**Entries provided:**
= Beginning of Section =

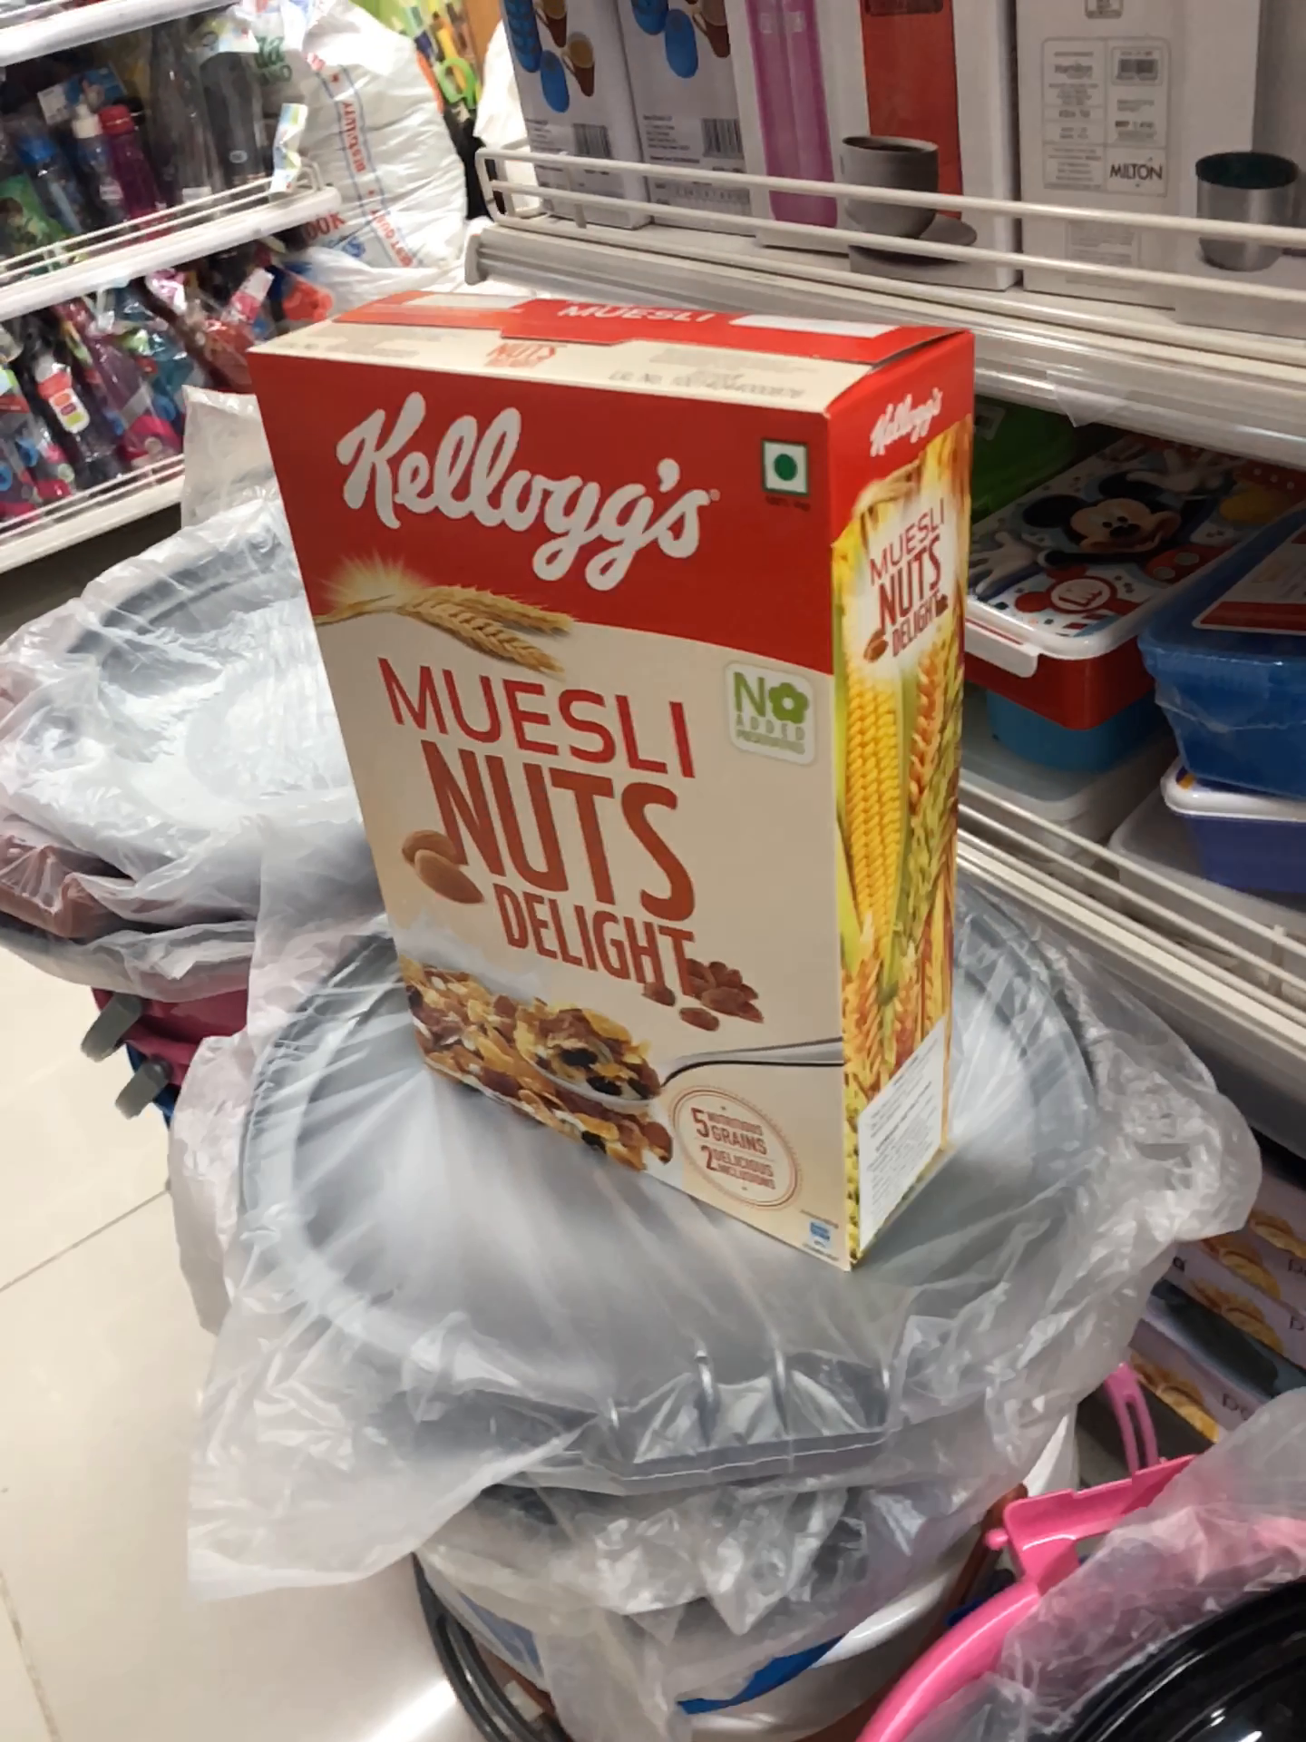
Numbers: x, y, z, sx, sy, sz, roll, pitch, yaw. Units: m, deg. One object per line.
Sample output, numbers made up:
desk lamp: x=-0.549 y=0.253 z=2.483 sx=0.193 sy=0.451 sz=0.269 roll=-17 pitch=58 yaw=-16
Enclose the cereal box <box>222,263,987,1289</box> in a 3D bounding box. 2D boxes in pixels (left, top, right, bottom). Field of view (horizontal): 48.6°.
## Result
cereal box: x=-0.010 y=-0.030 z=0.428 sx=0.191 sy=0.259 sz=0.070 roll=20 pitch=40 yaw=34

= End of Section =

**Exercise description:**
After locating the line above that contains "Enclose the cereal", write out that line and every later one exactly, through the last line of the material, and nothing else.

**The completed task:**
Enclose the cereal box <box>222,263,987,1289</box> in a 3D bounding box. 2D boxes in pixels (left, top, right, bottom). Field of view (horizontal): 48.6°.
## Result
cereal box: x=-0.010 y=-0.030 z=0.428 sx=0.191 sy=0.259 sz=0.070 roll=20 pitch=40 yaw=34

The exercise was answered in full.